[[ Data for this exercise open ]]

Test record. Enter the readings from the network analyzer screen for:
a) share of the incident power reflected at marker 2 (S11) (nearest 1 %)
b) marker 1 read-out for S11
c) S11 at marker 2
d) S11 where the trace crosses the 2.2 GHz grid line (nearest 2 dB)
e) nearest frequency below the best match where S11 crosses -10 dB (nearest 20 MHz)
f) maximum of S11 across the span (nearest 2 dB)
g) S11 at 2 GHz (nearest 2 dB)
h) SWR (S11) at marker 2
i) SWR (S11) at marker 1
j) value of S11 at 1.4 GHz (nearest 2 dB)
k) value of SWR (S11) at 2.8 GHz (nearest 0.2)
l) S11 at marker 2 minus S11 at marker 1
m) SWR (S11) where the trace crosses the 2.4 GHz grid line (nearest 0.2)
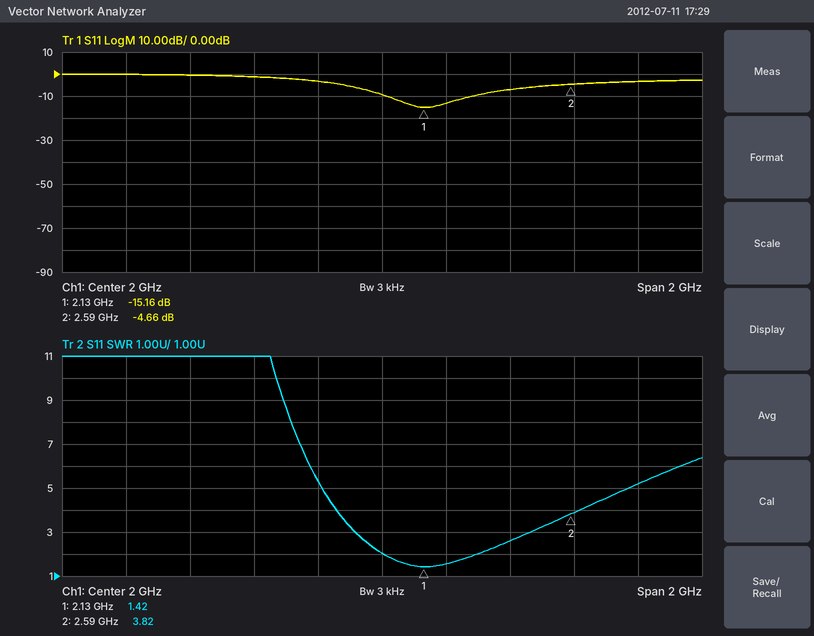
34 %
-15.16 dB
-4.66 dB
-14 dB
2.02 GHz
0 dB
-10 dB
3.82
1.42
0 dB
5.2
10.50 dB
2.6
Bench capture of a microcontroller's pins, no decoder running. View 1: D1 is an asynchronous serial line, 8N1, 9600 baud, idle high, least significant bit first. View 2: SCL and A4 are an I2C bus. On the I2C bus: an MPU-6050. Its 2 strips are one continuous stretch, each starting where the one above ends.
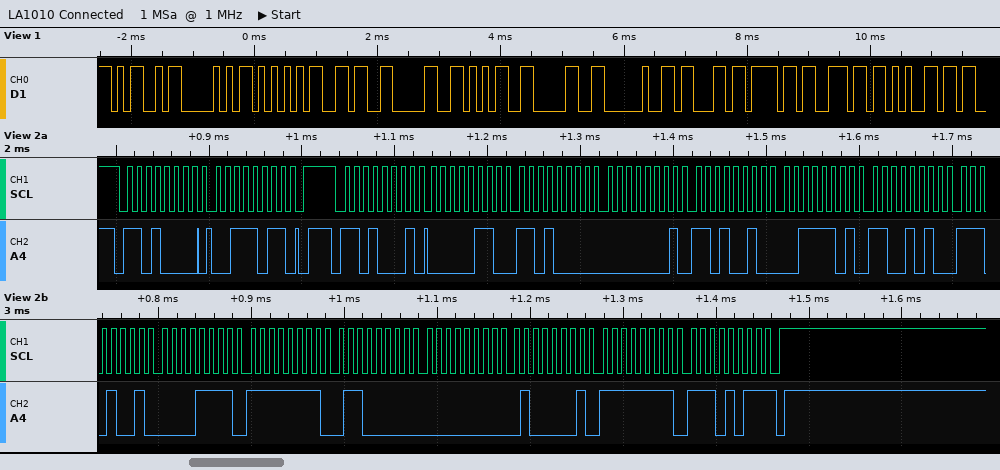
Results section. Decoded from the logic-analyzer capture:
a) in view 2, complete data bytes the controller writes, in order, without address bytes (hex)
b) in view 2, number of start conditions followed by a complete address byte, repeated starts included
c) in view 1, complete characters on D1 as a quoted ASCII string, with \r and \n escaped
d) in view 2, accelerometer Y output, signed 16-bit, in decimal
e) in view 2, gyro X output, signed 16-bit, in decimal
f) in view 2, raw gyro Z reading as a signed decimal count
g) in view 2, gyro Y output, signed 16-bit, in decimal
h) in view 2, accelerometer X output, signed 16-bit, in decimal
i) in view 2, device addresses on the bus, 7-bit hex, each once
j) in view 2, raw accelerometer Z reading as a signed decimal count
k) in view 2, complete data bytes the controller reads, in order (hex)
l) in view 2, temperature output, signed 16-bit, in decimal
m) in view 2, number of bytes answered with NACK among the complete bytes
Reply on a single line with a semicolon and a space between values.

3B; 2; "MPU6050 cone"; 466; -160; -21; 65; 1744; 0x68; 15818; 06 D0 01 D2 3D CA E9 0F FF 60 00 41 FF EB; -5873; 1
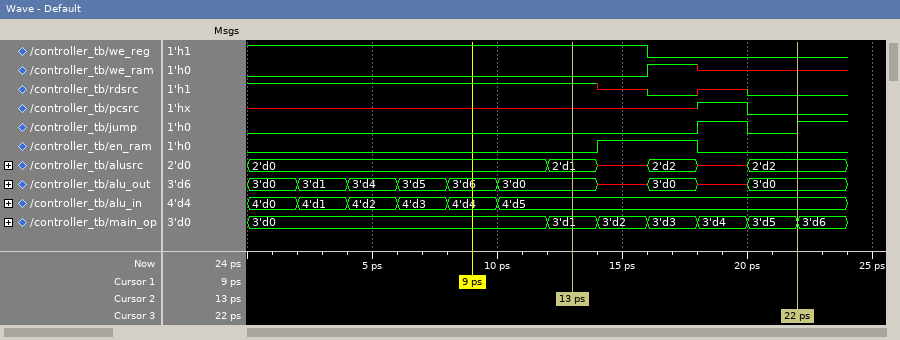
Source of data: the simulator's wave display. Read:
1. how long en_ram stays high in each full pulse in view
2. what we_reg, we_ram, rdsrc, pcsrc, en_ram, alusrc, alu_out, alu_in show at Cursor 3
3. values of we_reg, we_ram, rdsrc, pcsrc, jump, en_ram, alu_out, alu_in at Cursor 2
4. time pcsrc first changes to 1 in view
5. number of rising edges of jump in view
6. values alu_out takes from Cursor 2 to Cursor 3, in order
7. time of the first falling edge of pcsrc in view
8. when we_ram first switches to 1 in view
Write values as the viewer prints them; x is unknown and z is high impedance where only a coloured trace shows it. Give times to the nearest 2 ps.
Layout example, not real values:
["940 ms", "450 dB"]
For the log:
["4 ps", "we_reg=0, we_ram=x, rdsrc=0, pcsrc=0, en_ram=0, alusrc=2'd2, alu_out=3'd0, alu_in=4'd5", "we_reg=1, we_ram=0, rdsrc=1, pcsrc=x, jump=0, en_ram=0, alu_out=3'd0, alu_in=4'd5", "18 ps", "2", "3'd0, x, 3'd0, x, 3'd0", "20 ps", "16 ps"]

[[ Data for this exercise closed ]]

#### What you should do:
Copy out the data exactly and keep the pictures out.

#### Result of this task:
Test record. Enter the readings from the network analyzer screen for:
a) share of the incident power reflected at marker 2 (S11) (nearest 1 %)
b) marker 1 read-out for S11
c) S11 at marker 2
d) S11 where the trace crosses the 2.2 GHz grid line (nearest 2 dB)
e) nearest frequency below the best match where S11 crosses -10 dB (nearest 20 MHz)
f) maximum of S11 across the span (nearest 2 dB)
g) S11 at 2 GHz (nearest 2 dB)
h) SWR (S11) at marker 2
i) SWR (S11) at marker 1
j) value of S11 at 1.4 GHz (nearest 2 dB)
k) value of SWR (S11) at 2.8 GHz (nearest 0.2)
l) S11 at marker 2 minus S11 at marker 1
m) SWR (S11) where the trace crosses the 2.4 GHz grid line (nearest 0.2)
34 %
-15.16 dB
-4.66 dB
-14 dB
2.02 GHz
0 dB
-10 dB
3.82
1.42
0 dB
5.2
10.50 dB
2.6
Bench capture of a microcontroller's pins, no decoder running. View 1: D1 is an asynchronous serial line, 8N1, 9600 baud, idle high, least significant bit first. View 2: SCL and A4 are an I2C bus. On the I2C bus: an MPU-6050. Its 2 strips are one continuous stretch, each starting where the one above ends.
Results section. Decoded from the logic-analyzer capture:
a) in view 2, complete data bytes the controller writes, in order, without address bytes (hex)
b) in view 2, number of start conditions followed by a complete address byte, repeated starts included
c) in view 1, complete characters on D1 as a quoted ASCII string, with \r and \n escaped
d) in view 2, accelerometer Y output, signed 16-bit, in decimal
e) in view 2, gyro X output, signed 16-bit, in decimal
f) in view 2, raw gyro Z reading as a signed decimal count
g) in view 2, gyro Y output, signed 16-bit, in decimal
h) in view 2, accelerometer X output, signed 16-bit, in decimal
i) in view 2, device addresses on the bus, 7-bit hex, each once
j) in view 2, raw accelerometer Z reading as a signed decimal count
k) in view 2, complete data bytes the controller reads, in order (hex)
l) in view 2, temperature output, signed 16-bit, in decimal
m) in view 2, number of bytes answered with NACK among the complete bytes
Reply on a single line with a semicolon and a space between values.

3B; 2; "MPU6050 cone"; 466; -160; -21; 65; 1744; 0x68; 15818; 06 D0 01 D2 3D CA E9 0F FF 60 00 41 FF EB; -5873; 1
Source of data: the simulator's wave display. Read:
1. how long en_ram stays high in each full pulse in view
2. what we_reg, we_ram, rdsrc, pcsrc, en_ram, alusrc, alu_out, alu_in show at Cursor 3
3. values of we_reg, we_ram, rdsrc, pcsrc, jump, en_ram, alu_out, alu_in at Cursor 2
4. time pcsrc first changes to 1 in view
5. number of rising edges of jump in view
6. values alu_out takes from Cursor 2 to Cursor 3, in order
7. time of the first falling edge of pcsrc in view
8. when we_ram first switches to 1 in view
Write values as the viewer prints them; x is unknown and z is high impedance where only a coloured trace shows it. Give times to the nearest 2 ps.
Layout example, not real values:
["940 ms", "450 dB"]
For the log:
["4 ps", "we_reg=0, we_ram=x, rdsrc=0, pcsrc=0, en_ram=0, alusrc=2'd2, alu_out=3'd0, alu_in=4'd5", "we_reg=1, we_ram=0, rdsrc=1, pcsrc=x, jump=0, en_ram=0, alu_out=3'd0, alu_in=4'd5", "18 ps", "2", "3'd0, x, 3'd0, x, 3'd0", "20 ps", "16 ps"]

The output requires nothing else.